Optimization checklist

There is no single way to profile and optimize, but the top-down data presentation gives you a systematic way to find optimization opportunities.

Here is a suggested optimization checklist:

  1. Check the compiler did a good job. Disassemble your most significant functions and verify that the generated code looks efficient.

  2. Check the functions that are the most frontend bound:

    • If you see high instruction cache miss rate, apply profile-guided optimization to reduce the code size of less important functions. This frees up more instruction cache space for the important hot-functions.
    • If you see high instruction TLB misses, apply code layout optimization, using tools such as Bolt . This improves locality of code accesses, reducing the number of TLB misses.
  3. Check the functions that have the highest bad speculation rate. If you see high branch mispredict rates, use a more predictable branching pattern, or change the software to avoid branches by using conditional selects.

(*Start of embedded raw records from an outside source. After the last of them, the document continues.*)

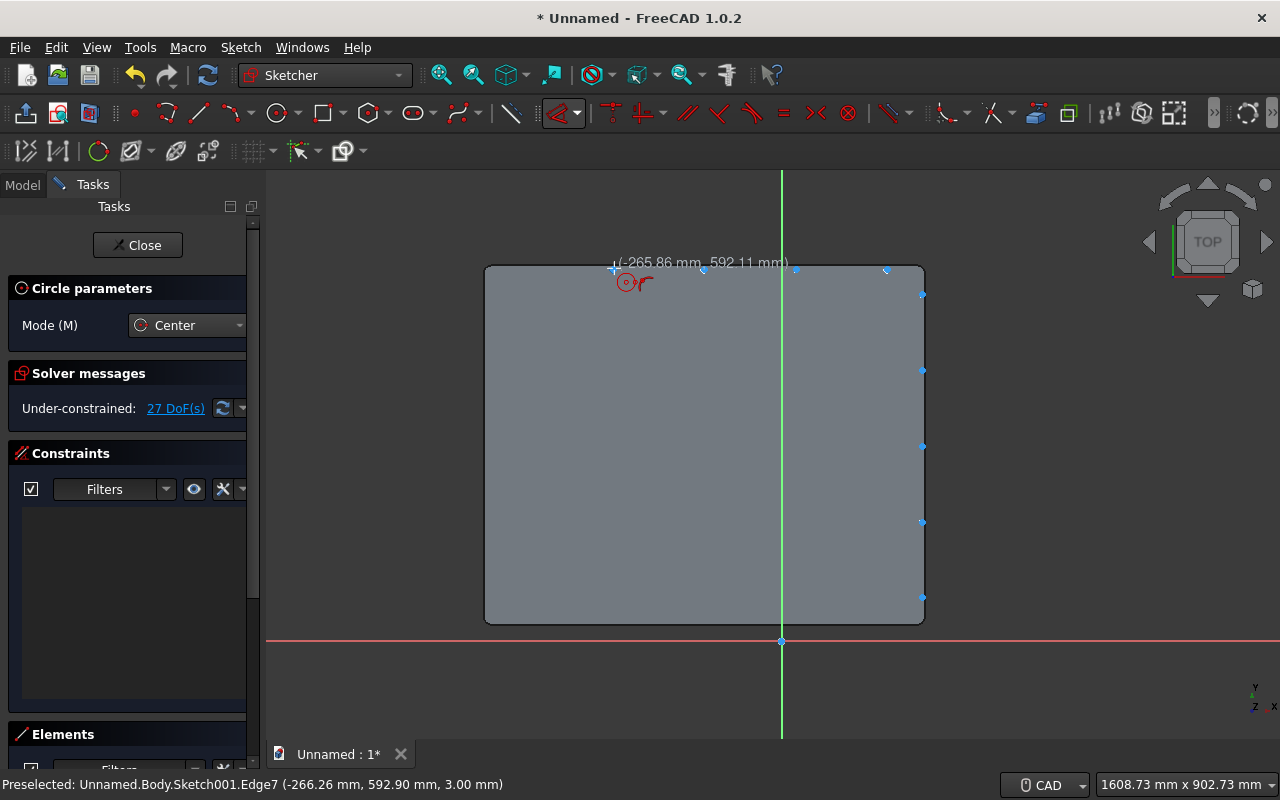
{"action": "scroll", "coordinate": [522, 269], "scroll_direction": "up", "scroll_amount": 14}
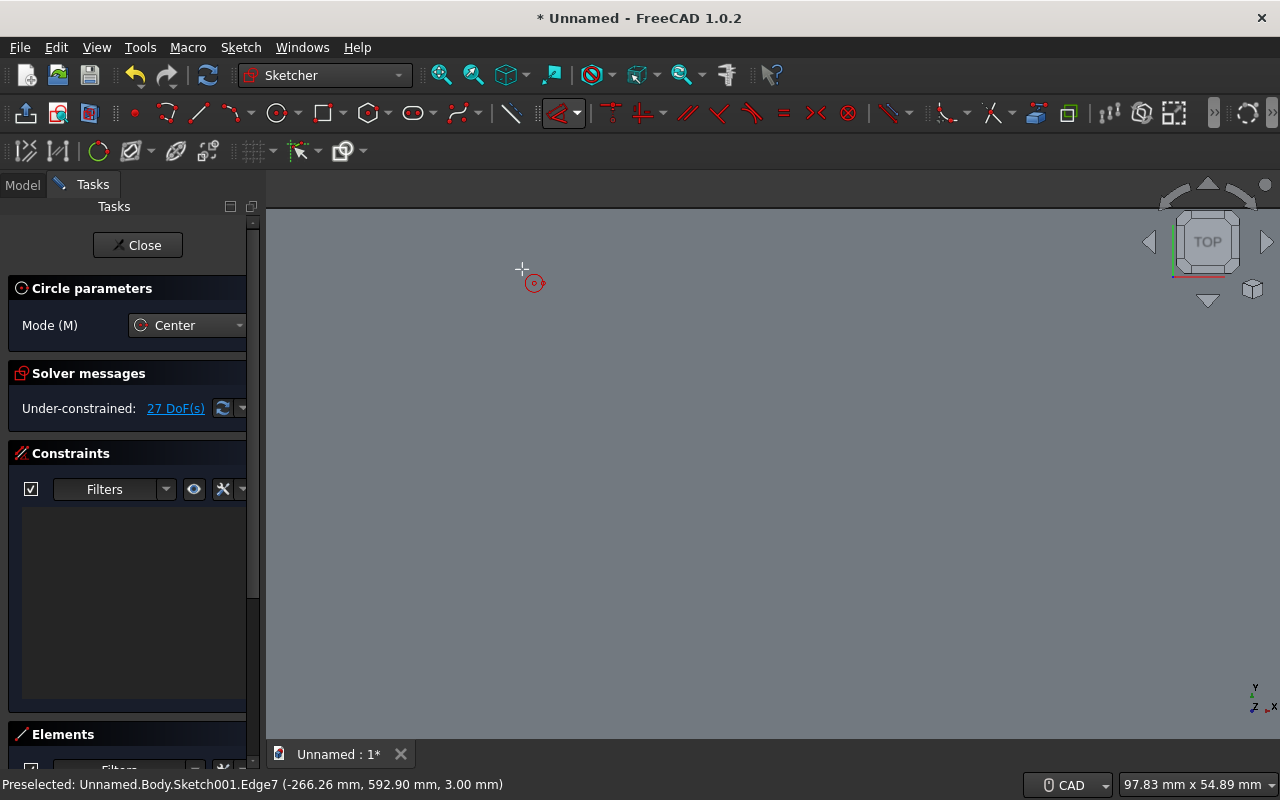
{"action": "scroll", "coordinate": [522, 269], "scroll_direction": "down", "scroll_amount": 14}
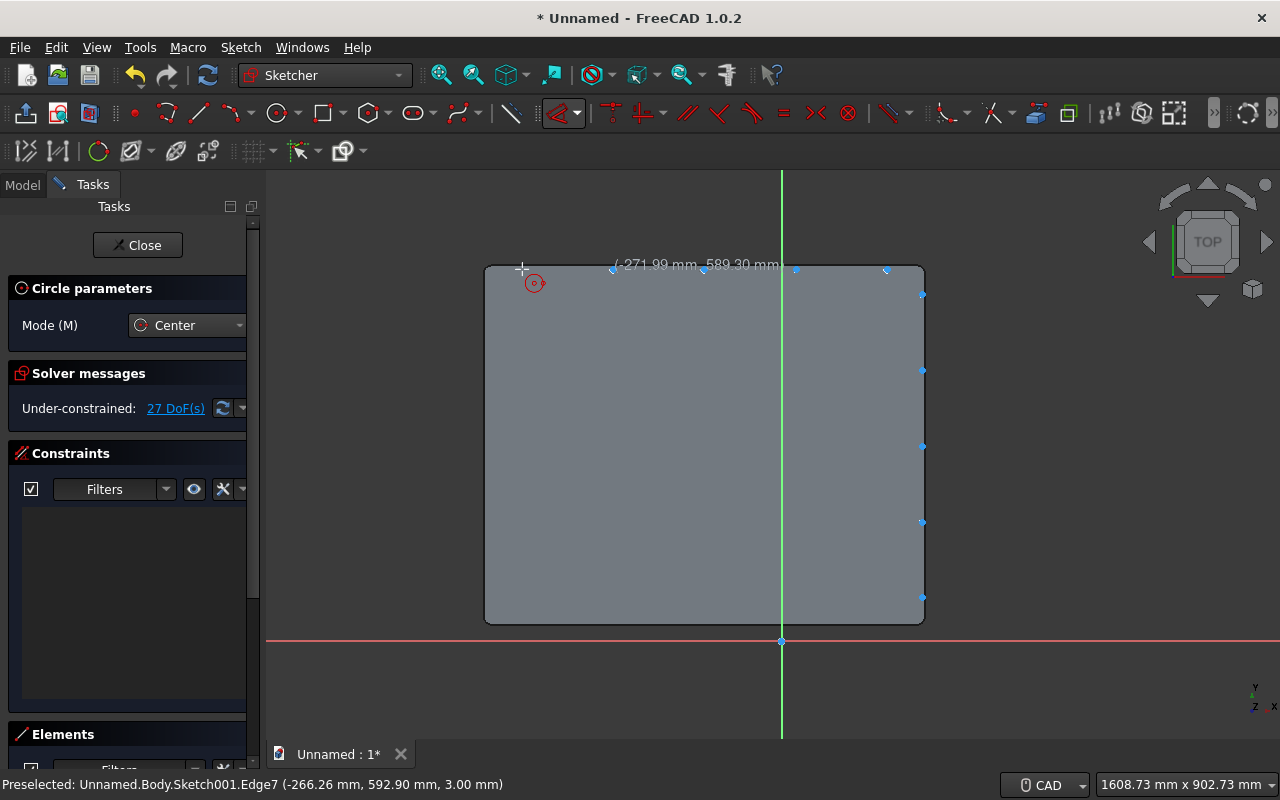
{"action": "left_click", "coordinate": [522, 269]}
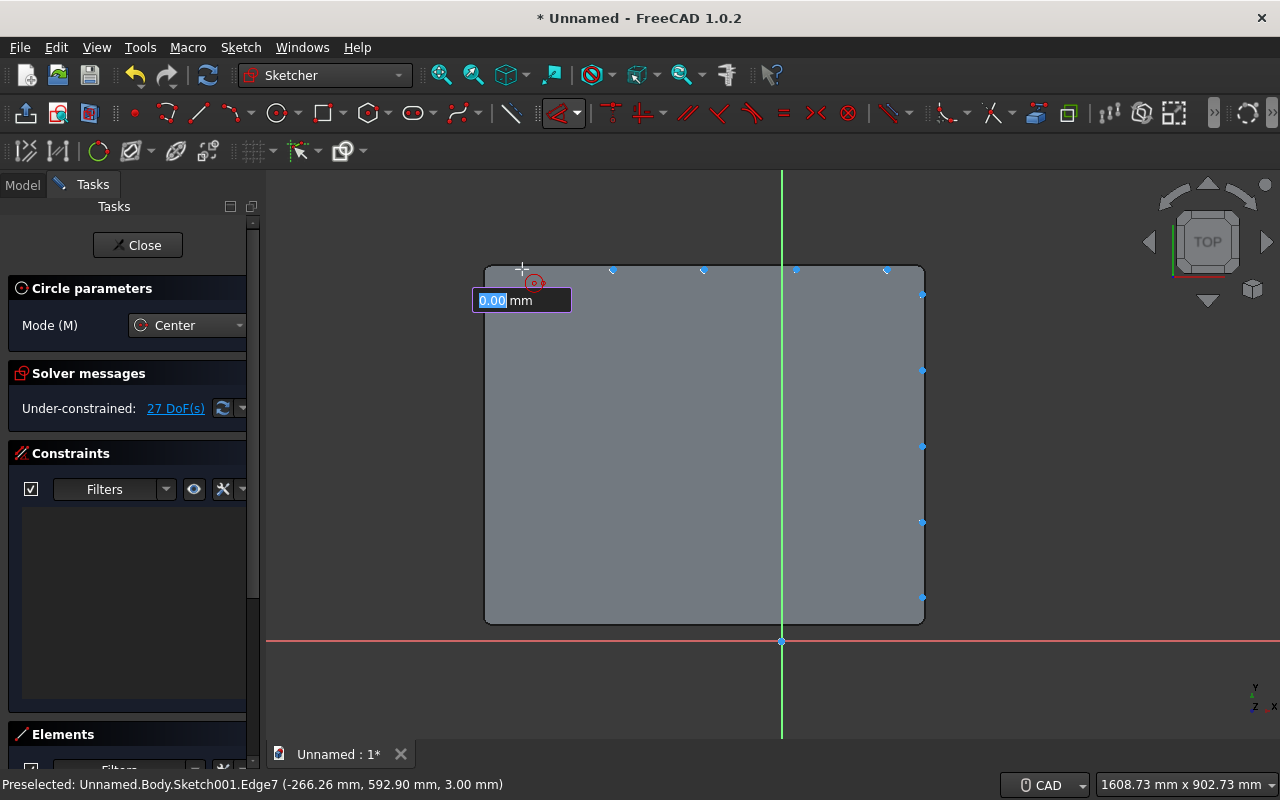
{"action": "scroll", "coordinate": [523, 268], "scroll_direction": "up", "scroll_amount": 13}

  4. Check the functions that are the most backend bound:

    • If you see high data cache misses, reduce data size, reduce data copies and moves, and improve access locality.
    • If you see high pipeline congestion on a specific issue queue, alter your software to move load a different queue. For example, converting run-time computation to a lookup table if your program is arithmetic limited.
  5. Check the most retiring bound functions:

    • Apply SIMD vectorization to process more work per clock.
    • Look for higher-level algorithmic improvements.